Figure 12 illustrates the attenuation law of shock waves, based on field test data, numerical simulation results, the overpressure empirical formula proposed in this study, and the empirical formula specified in the Blasting Safety Regulations. Our analysis showed that the empirical formula proposed in this study closely aligned with both the field test results and the numerical simulation outcomes.
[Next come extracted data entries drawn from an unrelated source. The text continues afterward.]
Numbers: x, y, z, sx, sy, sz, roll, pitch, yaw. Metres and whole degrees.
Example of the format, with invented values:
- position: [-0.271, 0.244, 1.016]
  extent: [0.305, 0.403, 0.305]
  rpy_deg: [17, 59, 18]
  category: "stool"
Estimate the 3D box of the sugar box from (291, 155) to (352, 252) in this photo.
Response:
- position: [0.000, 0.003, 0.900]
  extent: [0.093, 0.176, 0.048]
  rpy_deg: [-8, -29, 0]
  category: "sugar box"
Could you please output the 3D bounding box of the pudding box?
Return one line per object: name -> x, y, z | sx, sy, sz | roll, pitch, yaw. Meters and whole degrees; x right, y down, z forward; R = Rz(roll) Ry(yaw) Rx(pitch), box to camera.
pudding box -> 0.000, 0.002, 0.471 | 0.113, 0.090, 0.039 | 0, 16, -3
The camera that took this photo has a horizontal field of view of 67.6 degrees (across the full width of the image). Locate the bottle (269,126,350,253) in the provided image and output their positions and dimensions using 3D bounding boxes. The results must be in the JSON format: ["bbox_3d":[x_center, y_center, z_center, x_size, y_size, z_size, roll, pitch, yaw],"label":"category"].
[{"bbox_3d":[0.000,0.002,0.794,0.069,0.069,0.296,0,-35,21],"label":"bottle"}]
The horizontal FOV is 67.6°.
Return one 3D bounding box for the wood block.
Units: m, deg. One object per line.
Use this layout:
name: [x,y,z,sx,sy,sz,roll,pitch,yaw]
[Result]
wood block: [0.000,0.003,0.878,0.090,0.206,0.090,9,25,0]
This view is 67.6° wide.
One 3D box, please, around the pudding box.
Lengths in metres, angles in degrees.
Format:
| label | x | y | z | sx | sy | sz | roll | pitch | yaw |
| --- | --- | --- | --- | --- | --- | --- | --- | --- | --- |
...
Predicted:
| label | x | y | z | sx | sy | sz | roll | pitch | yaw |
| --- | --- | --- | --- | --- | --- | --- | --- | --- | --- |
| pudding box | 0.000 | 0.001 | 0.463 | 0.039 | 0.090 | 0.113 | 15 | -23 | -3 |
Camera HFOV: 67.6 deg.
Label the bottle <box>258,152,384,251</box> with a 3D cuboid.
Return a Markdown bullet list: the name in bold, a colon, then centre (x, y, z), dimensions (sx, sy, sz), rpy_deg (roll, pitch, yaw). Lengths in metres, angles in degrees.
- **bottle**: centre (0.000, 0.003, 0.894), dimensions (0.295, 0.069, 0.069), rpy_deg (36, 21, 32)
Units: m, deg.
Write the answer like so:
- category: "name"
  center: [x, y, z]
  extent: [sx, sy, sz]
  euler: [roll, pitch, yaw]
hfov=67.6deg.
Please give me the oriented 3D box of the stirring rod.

In contrast, the overpressure values obtained from the empirical formula in the ‘Blasting Safety Regulations’ were significantly smaller.

7. Conclusions

In this paper, the explicit dynamic analysis finite element software, ANSYS/LS-DYNA, was utilized to simulate the propagation process of a blasting shock wave within a tunnel. The study analyzed the changes in the shock wave flow field and the attenuation behavior of overpressure across the tunnel’s cross-section. Based on these simulations and field test data, a predictive formula for blasting shock wave overpressure suitable for tunnels was proposed. The main conclusions were as follow:

(1)

Initially, the shock wave propagated spherically, but it was subsequently affected by the enclosed structure of the tunnel. This interaction caused multiple reflections of the shock wave with the tunnel walls, resulting in a significant increase in overpressure values at the vault, side wall, and arch foot positions. At a distance of 6 times the equivalent diameter from the explosion center (48.5 m from the tunnel face), the spherical shock wave transitioned into a plane wave and continued to propagate forward.

(2)

As the shock wave reached a specific position, its overpressure instantaneously peaked before undergoing multiple-peak oscillation, zigzag attenuation, and gradual restoration to initial atmospheric pressure. Within 0~20 m from the tunnel face, repeated reflection between the shock wave and tunnel wall caused an increase in the overpressure value at 20 m, while exhibiting significant fluctuations in the attenuation coefficient. Beyond 50 m, propagation occurred as a stable plane wave, with an overpressure attenuation coefficient ranging from 1.17 to 1.03. The minimum safe distance between personnel and the explosion source in the tunnel was 236.8 m.

(3)

Through on-site testing of shock wave overpressure values, Pokrovsky’s empirical formula for shock wave overpressure has been refined based on parameters derived using the least-squares method. This paper proposed an empirical attenuation formula for shock wave overpressure with a good fitting degree (R² = 0.993). When excavating tunnels using drilling and blasting methods, this formula can be utilized to predict plane shock wave overpressures in the upper bench of the tunnel.